A proteção de dados e a cibersegurança vêm se consolidando como fatores estratégicos para o crescimento da inclusão financeira no Brasil. Em um mercado marcado pela rápida digitalização dos serviços bancários e por exigências regulatórias cada vez mais rigorosas, contar com uma infraestrutura tecnológica segura deixou de ser apenas uma obrigação legal e passou a ser um diferencial competitivo para bancos e fintechs.
Segundo a Galileo Financial Technologies, plataforma global de tecnologia financeira, a confiança do usuário é hoje um dos pilares para ampliar o acesso aos serviços financeiros digitais, especialmente em um país onde milhões de pessoas ainda estão em processo de inclusão no sistema bancário.
À medida que os bancos digitais se tornam o principal ponto de entrada para serviços financeiros de grande parte da população, crescem também as expectativas em relação à privacidade, ao consentimento e ao uso responsável dos dados. Dados do Índice de Inclusão Financeira da Galileo mostram que preocupações com segurança seguem como uma barreira relevante: 70,7% dos entrevistados afirmam que vulnerabilidades relacionadas à proteção de dados desaceleram iniciativas de ampliação do acesso a serviços financeiros.
“A proteção de dados deixou de ser apenas uma exigência regulatória; ela se tornou um fator-chave para o crescimento e a inclusão financeira no Brasil”, afirma Abdul Assal, diretor de Desenvolvimento de Negócios da Galileo Financial Technologies no país. “Quando as pessoas confiam que seus dados pessoais e financeiros estão protegidos, elas se sentem muito mais confortáveis para utilizar serviços financeiros digitais.”
Cibersegurança como base da confiança no sistema financeiro
O Brasil registrou um crescimento acelerado das transações digitais nos últimos anos, impulsionado por inovações como pagamentos instantâneos e pela popularização dos bancos digitais.
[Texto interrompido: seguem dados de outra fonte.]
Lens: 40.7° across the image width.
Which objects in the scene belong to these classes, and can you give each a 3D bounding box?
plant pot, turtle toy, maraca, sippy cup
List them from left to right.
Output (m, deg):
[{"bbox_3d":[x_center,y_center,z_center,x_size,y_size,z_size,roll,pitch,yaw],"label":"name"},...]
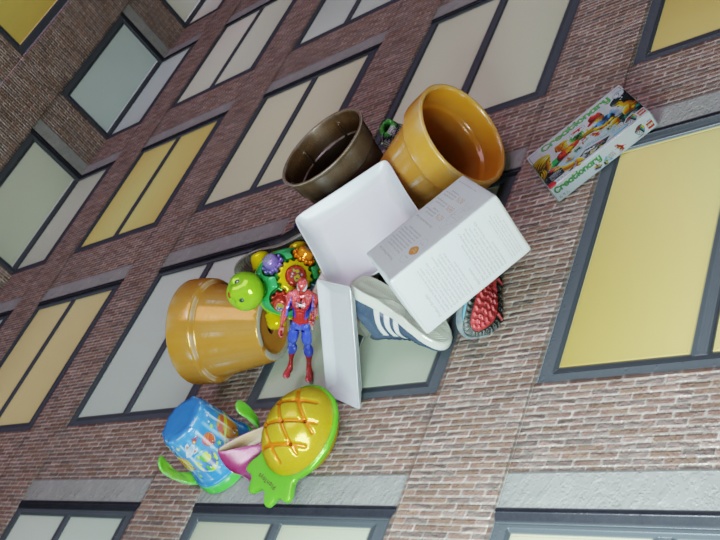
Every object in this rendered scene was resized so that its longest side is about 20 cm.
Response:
[{"bbox_3d":[-0.270,0.294,1.690,0.179,0.130,0.139,-53,30,-15],"label":"sippy cup"},{"bbox_3d":[-0.239,0.112,1.844,0.180,0.202,0.202,-4,45,27],"label":"plant pot"},{"bbox_3d":[-0.145,0.025,1.732,0.196,0.149,0.101,-14,-8,-18],"label":"turtle toy"},{"bbox_3d":[-0.107,0.275,1.536,0.136,0.107,0.202,25,79,46],"label":"maraca"},{"bbox_3d":[-0.018,-0.174,1.899,0.198,0.198,0.202,-30,33,22],"label":"plant pot"},{"bbox_3d":[0.129,-0.199,1.759,0.183,0.199,0.202,-37,26,43],"label":"plant pot"}]

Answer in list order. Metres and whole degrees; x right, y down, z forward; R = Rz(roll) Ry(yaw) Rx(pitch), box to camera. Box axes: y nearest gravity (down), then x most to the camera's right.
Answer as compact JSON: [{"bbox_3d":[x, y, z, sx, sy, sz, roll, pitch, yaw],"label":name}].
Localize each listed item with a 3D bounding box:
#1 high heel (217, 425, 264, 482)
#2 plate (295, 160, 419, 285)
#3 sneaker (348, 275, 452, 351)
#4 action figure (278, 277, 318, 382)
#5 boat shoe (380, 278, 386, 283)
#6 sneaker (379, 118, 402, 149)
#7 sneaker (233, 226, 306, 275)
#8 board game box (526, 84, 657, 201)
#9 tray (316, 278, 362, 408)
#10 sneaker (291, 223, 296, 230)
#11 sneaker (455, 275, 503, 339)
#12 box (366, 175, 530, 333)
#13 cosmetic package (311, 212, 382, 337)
[{"bbox_3d":[-0.144,0.258,1.612,0.200,0.096,0.067,-46,29,-2],"label":"high heel"},{"bbox_3d":[0.006,-0.069,1.678,0.198,0.032,0.202,-33,55,3],"label":"plate"},{"bbox_3d":[0.061,0.089,1.573,0.198,0.086,0.074,32,38,27],"label":"sneaker"},{"bbox_3d":[-0.106,0.112,1.647,0.064,0.204,0.100,7,29,4],"label":"action figure"},{"bbox_3d":[0.085,0.009,1.671,0.073,0.066,0.203,0,64,49],"label":"boat shoe"},{"bbox_3d":[0.083,-0.249,1.982,0.078,0.085,0.200,-42,30,2],"label":"sneaker"},{"bbox_3d":[-0.145,-0.035,1.868,0.197,0.076,0.106,-22,16,10],"label":"sneaker"},{"bbox_3d":[0.380,-0.212,1.610,0.199,0.035,0.127,-39,29,11],"label":"board game box"},{"bbox_3d":[-0.030,0.117,1.598,0.022,0.205,0.107,-11,12,-32],"label":"tray"},{"bbox_3d":[-0.130,-0.028,1.987,0.078,0.070,0.201,-51,15,20],"label":"sneaker"},{"bbox_3d":[0.170,0.047,1.521,0.095,0.079,0.201,-32,22,31],"label":"sneaker"},{"bbox_3d":[0.129,-0.028,1.466,0.199,0.107,0.152,-39,21,0],"label":"box"},{"bbox_3d":[0.000,0.000,1.716,0.102,0.088,0.203,14,66,27],"label":"cosmetic package"}]
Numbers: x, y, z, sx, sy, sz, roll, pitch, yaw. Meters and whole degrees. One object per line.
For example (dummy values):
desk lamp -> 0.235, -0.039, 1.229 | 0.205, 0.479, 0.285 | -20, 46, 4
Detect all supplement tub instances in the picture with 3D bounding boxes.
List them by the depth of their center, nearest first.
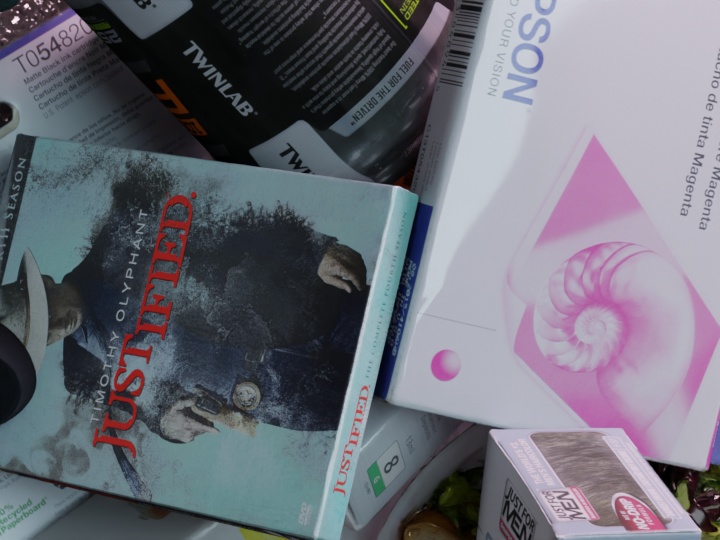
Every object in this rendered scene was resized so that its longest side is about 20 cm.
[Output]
supplement tub -> -0.040, -0.112, 1.182 | 0.200, 0.122, 0.123 | 47, 66, -20

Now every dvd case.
dvd case -> -0.078, 0.025, 1.162 | 0.022, 0.200, 0.146 | 21, 81, -54

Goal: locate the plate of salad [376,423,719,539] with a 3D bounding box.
plate of salad -> 0.099, 0.129, 1.229 | 0.200, 0.048, 0.200 | -11, 126, -15

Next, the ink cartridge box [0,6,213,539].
ink cartridge box -> -0.142, 0.006, 1.265 | 0.200, 0.041, 0.200 | -34, 97, -26

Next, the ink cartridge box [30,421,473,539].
ink cartridge box -> -0.033, 0.139, 1.255 | 0.200, 0.083, 0.145 | -35, 118, -26

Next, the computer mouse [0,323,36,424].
computer mouse -> -0.221, 0.012, 1.143 | 0.200, 0.059, 0.034 | 28, 27, -24

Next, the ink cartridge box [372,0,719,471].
ink cartridge box -> 0.118, -0.023, 1.155 | 0.200, 0.043, 0.197 | 12, 92, -19

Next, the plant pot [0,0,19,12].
plant pot -> -0.275, -0.138, 1.148 | 0.196, 0.200, 0.200 | -36, 99, -18

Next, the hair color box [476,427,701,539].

No entanto, levantamentos recorrentes de entidades como Febraban e Serasa Experian indicam que o medo de fraudes e do uso indevido de informações pessoais ainda é um dos principais fatores de resistência à adoção plena desses serviços.
“A cibersegurança está diretamente ligada à construção e à manutenção da confiança”, explica Assal. “Se os usuários temem que seus dados sejam expostos ou utilizados de forma indevida, a adoção diminui. Uma infraestrutura segura e resiliente permite que as instituições financeiras conquistem essa confiança em escala.”
Proteção de dados e inclusão financeira caminham juntas
Apesar dos avanços significativos na última década, milhões de brasileiros ainda enfrentam dificuldades para acessar ou manter o uso contínuo de serviços financeiros digitais. Nesse contexto, especialistas e reguladores, incluindo o Banco Central do Brasil, reforçam que a inclusão financeira deve caminhar lado a lado com mecanismos robustos de proteção de dados, especialmente sob o escopo da Lei Geral de Proteção de Dados (LGPD).
Para a Galileo, a proteção das informações dos usuários tem impacto direto na inclusão financeira ao reduzir atritos, aumentar a transparência e melhorar a experiência de uso das plataformas digitais.
“A inclusão financeira só é possível quando as pessoas se sentem seguras”, reforça Assal. “Proteger os dados dos usuários é uma forma de empoderar consumidores, principalmente aqueles que estão tendo o primeiro contato com serviços financeiros digitais.”
Conformidade como diferencial competitivo
Com a evolução das regras relacionadas à privacidade e ao consentimento, bancos e fintechs enfrentam o desafio de se adaptar sem comprometer a inovação. Para a Galileo, o caminho está em integrar segurança e conformidade ao núcleo das plataformas tecnológicas.
“Quando a proteção de dados está incorporada desde a base da infraestrutura, ela deixa de ser um obstáculo e passa a fazer parte de uma experiência melhor para o usuário”, conclui Assal. “Tratada de forma estratégica, a proteção de dados se transforma em uma verdadeira alavanca de crescimento para o ecossistema financeiro brasileiro.”